> **EXERCISE REQUIREMENTS**
Print the data below exactly, but only the lines from the one containing "HFOV = 48.9" down to the one containing "frying pan: [0.336,0.051,1.273,0.525,0.068,0.308,-8,59,-12]", inclusive.

> **DATA EXTRACTS**
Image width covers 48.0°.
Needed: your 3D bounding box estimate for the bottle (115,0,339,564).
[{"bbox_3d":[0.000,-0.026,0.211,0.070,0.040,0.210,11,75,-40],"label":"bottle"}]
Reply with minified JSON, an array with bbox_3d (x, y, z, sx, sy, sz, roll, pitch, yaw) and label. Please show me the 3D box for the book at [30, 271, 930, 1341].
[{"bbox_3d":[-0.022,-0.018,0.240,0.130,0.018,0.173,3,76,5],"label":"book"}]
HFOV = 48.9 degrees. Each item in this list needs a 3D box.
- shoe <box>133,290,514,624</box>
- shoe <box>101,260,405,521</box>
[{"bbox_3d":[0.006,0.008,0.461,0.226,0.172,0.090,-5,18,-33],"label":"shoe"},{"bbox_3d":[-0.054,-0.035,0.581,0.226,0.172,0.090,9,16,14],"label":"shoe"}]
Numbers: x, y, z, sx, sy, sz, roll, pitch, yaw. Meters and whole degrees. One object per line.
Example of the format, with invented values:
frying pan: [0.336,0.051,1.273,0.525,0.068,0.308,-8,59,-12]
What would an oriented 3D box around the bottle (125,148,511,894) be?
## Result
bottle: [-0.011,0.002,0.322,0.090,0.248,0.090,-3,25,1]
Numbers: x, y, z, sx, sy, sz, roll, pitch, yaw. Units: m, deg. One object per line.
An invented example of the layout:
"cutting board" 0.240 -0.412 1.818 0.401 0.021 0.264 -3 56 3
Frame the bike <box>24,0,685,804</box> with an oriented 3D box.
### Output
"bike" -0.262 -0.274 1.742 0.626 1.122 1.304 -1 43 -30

> **TASK RESPONSE**
HFOV = 48.9 degrees. Each item in this list needs a 3D box.
- shoe <box>133,290,514,624</box>
- shoe <box>101,260,405,521</box>
[{"bbox_3d":[0.006,0.008,0.461,0.226,0.172,0.090,-5,18,-33],"label":"shoe"},{"bbox_3d":[-0.054,-0.035,0.581,0.226,0.172,0.090,9,16,14],"label":"shoe"}]
Numbers: x, y, z, sx, sy, sz, roll, pitch, yaw. Meters and whole degrees. One object per line.
Example of the format, with invented values:
frying pan: [0.336,0.051,1.273,0.525,0.068,0.308,-8,59,-12]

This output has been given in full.